What is required
Output exactly the lines of the listing below that run from the line with "elif ans1 >= 2" through the line with "The first image". No pictures.

● ● ● ● ●

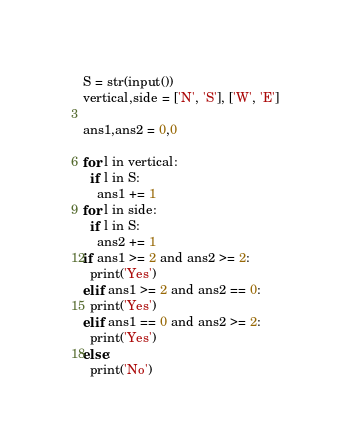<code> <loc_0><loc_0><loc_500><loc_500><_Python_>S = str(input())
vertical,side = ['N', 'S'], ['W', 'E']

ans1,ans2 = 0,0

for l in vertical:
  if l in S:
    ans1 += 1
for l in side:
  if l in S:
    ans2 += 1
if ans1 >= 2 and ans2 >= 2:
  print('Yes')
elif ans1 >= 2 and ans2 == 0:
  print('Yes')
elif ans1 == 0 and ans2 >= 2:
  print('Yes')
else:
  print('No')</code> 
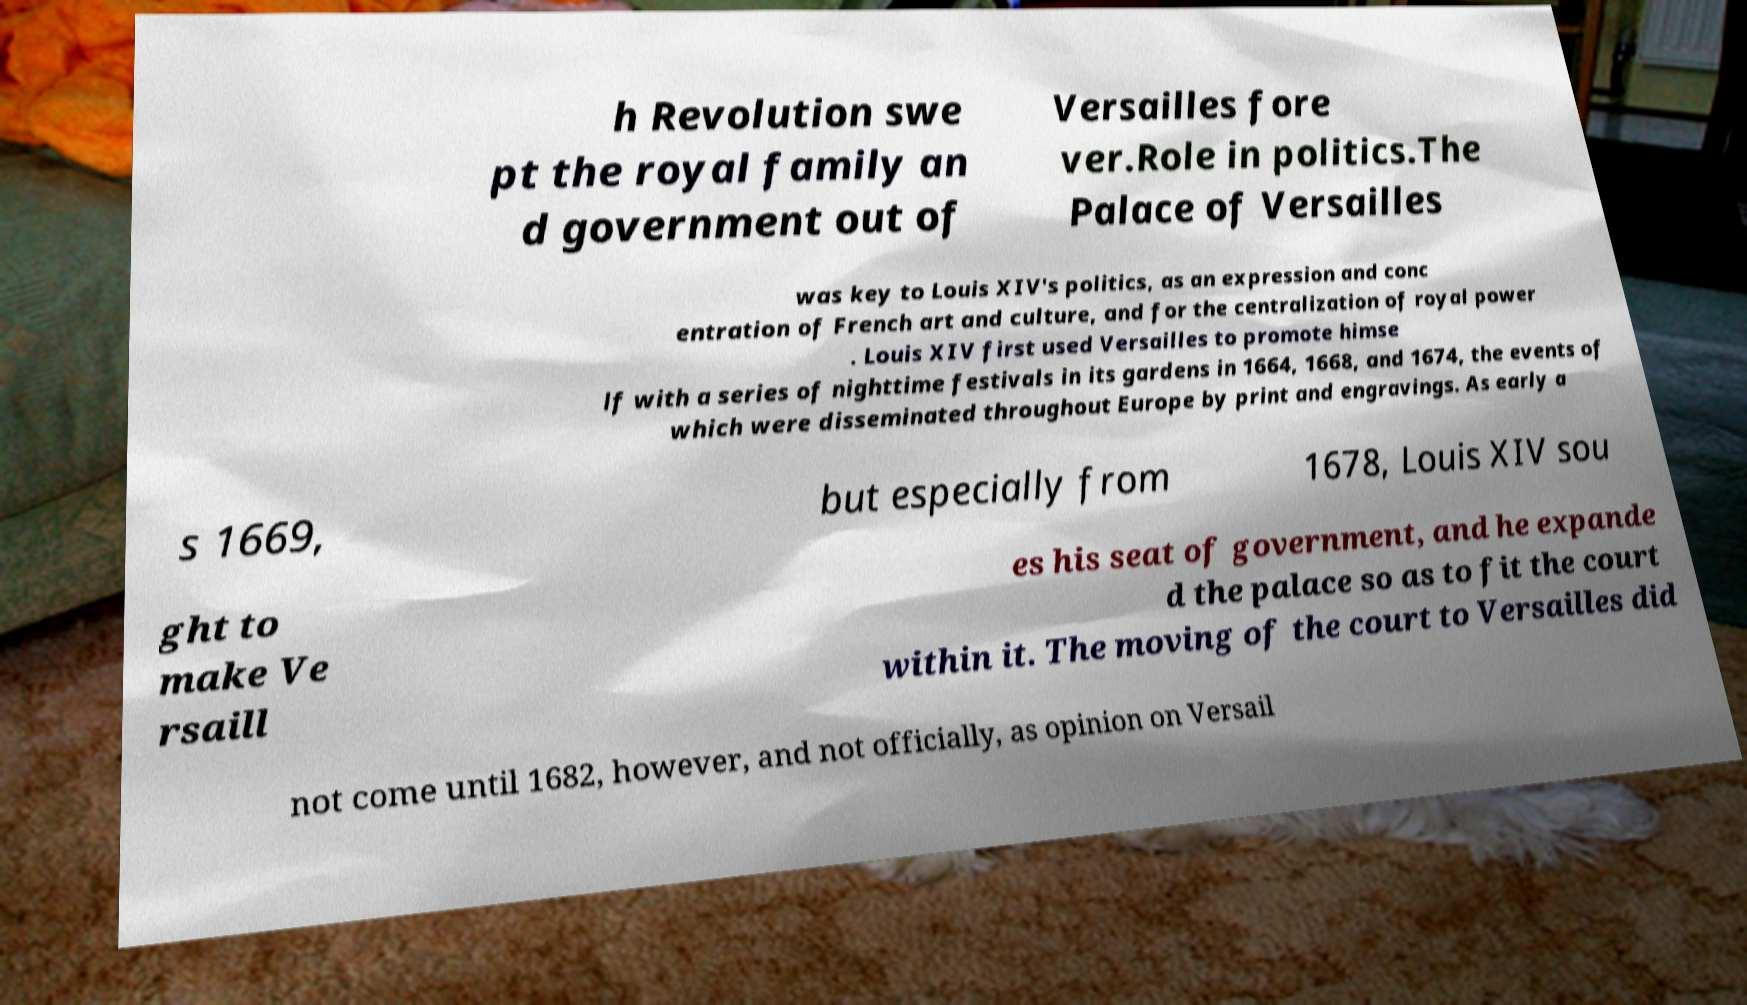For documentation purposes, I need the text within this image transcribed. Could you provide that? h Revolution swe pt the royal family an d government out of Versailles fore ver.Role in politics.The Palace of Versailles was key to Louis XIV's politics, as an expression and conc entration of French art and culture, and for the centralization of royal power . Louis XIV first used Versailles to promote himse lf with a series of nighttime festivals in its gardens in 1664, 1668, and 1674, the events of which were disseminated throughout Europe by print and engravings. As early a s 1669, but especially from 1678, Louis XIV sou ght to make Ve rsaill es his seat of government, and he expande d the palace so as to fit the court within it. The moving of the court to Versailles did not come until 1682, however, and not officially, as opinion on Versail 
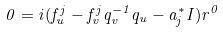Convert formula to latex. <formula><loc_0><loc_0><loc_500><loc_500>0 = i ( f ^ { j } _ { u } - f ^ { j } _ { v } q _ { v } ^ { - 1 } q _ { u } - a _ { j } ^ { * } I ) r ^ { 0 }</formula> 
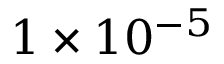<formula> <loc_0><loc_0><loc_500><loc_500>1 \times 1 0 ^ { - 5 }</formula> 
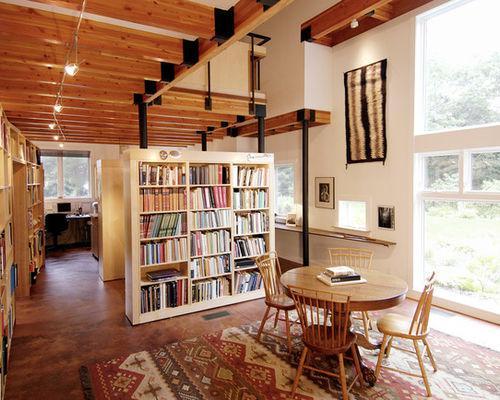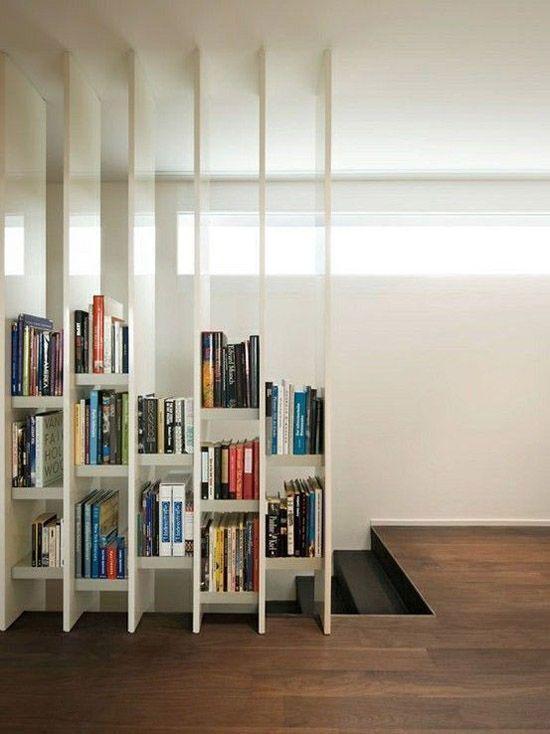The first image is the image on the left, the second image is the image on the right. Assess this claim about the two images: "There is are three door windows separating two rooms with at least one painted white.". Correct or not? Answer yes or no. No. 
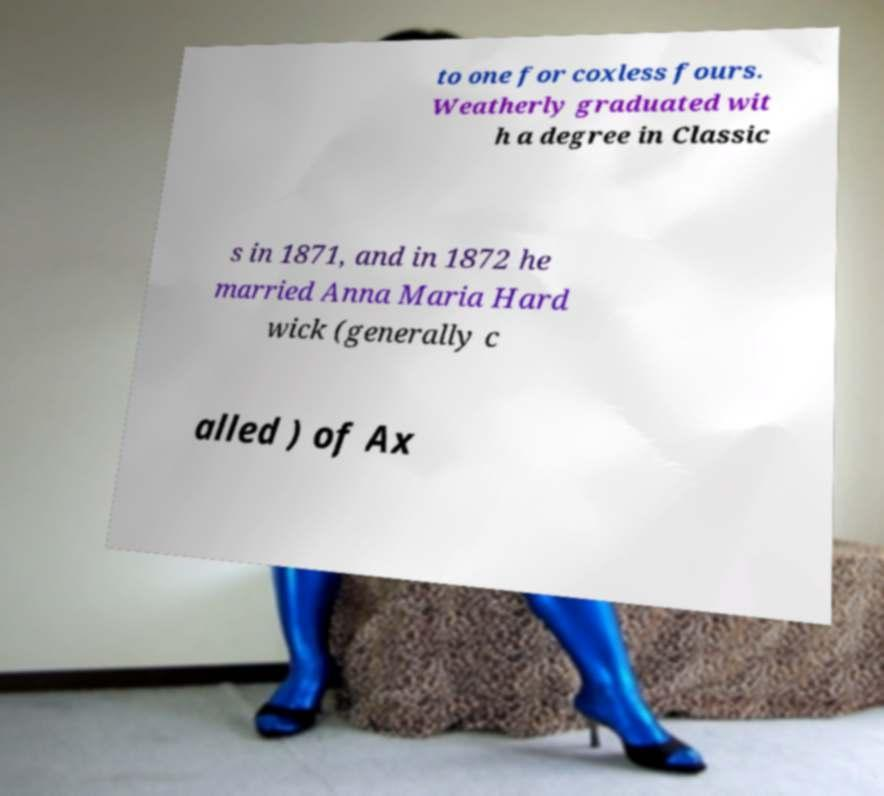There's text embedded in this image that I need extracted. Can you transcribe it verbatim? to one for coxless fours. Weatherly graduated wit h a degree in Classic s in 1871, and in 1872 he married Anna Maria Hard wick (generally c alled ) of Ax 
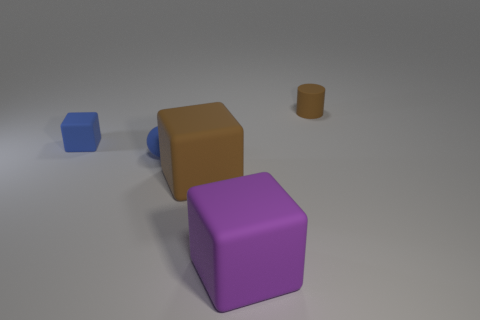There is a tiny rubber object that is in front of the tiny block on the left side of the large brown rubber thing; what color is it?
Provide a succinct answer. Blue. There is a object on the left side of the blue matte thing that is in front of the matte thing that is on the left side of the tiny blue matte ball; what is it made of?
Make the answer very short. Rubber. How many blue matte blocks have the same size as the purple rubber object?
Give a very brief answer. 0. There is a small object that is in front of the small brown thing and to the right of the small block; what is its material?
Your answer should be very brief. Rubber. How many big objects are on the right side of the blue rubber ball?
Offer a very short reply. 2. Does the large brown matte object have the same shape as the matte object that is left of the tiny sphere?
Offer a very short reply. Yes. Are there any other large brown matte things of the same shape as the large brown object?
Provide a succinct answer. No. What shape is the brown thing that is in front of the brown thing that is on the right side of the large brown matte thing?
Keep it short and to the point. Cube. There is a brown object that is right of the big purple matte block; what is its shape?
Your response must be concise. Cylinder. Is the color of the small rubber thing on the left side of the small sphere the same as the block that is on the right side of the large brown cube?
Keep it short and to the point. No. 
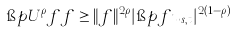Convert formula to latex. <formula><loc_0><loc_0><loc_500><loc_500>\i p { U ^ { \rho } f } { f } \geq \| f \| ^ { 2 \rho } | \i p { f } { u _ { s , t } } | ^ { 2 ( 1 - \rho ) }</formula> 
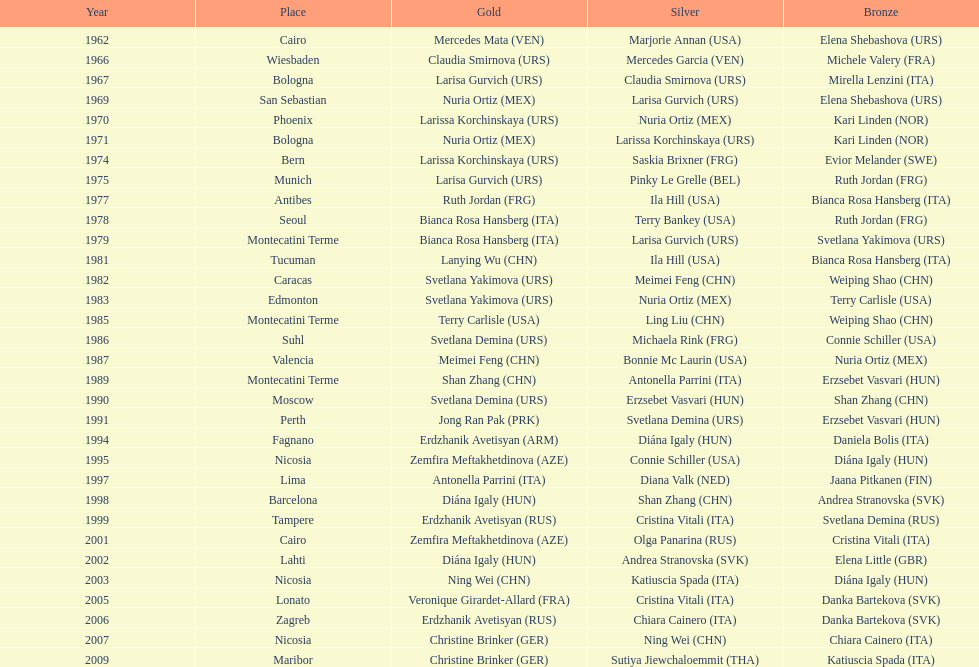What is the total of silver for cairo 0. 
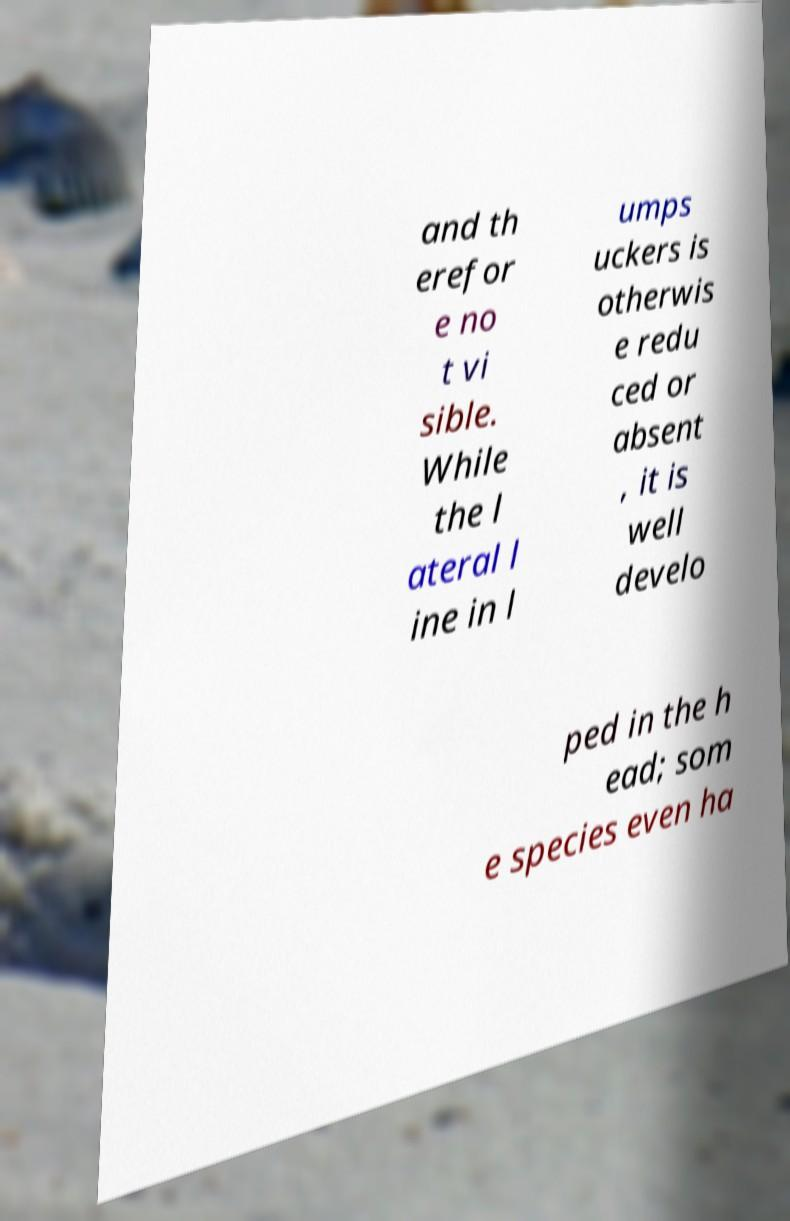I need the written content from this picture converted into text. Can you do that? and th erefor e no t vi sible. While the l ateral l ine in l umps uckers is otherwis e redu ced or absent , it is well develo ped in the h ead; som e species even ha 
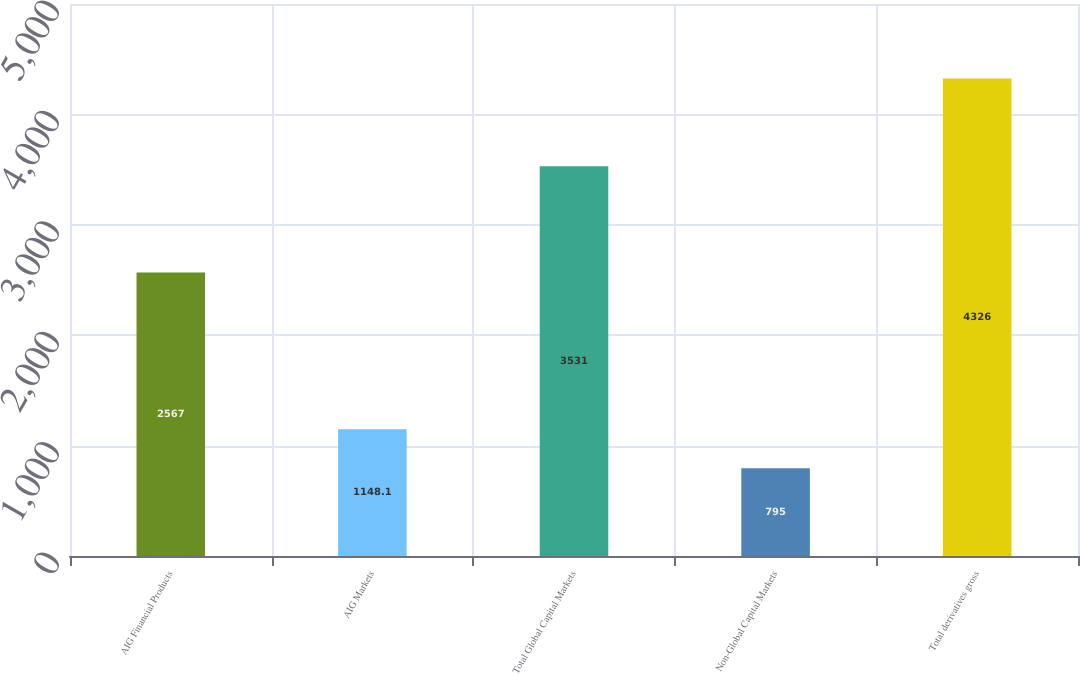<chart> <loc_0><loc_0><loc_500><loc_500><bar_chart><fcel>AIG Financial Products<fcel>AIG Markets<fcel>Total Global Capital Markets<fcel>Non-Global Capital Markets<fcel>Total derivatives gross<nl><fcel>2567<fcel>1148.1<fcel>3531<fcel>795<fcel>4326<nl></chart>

● ● ● ● ●

Answer space
elif ans1 >= 2 and ans2 == 0:
  print('Yes')
elif ans1 == 0 and ans2 >= 2:
  print('Yes')
else:
  print('No')</code> 
For documentation purposes, I need the text within this image transcribed. Could you provide that? h Revolution swe pt the royal family an d government out of Versailles fore ver.Role in politics.The Palace of Versailles was key to Louis XIV's politics, as an expression and conc entration of French art and culture, and for the centralization of royal power . Louis XIV first used Versailles to promote himse lf with a series of nighttime festivals in its gardens in 1664, 1668, and 1674, the events of which were disseminated throughout Europe by print and engravings. As early a s 1669, but especially from 1678, Louis XIV sou ght to make Ve rsaill es his seat of government, and he expande d the palace so as to fit the court within it. The moving of the court to Versailles did not come until 1682, however, and not officially, as opinion on Versail 
Convert formula to latex. <formula><loc_0><loc_0><loc_500><loc_500>0 = i ( f ^ { j } _ { u } - f ^ { j } _ { v } q _ { v } ^ { - 1 } q _ { u } - a _ { j } ^ { * } I ) r ^ { 0 }</formula> 
<formula> <loc_0><loc_0><loc_500><loc_500>1 \times 1 0 ^ { - 5 }</formula> 
The first image is the image on the left, the second image is the image on the right. Assess this claim about the two images: "There is are three door windows separating two rooms with at least one painted white.". Correct or not? Answer yes or no. No. 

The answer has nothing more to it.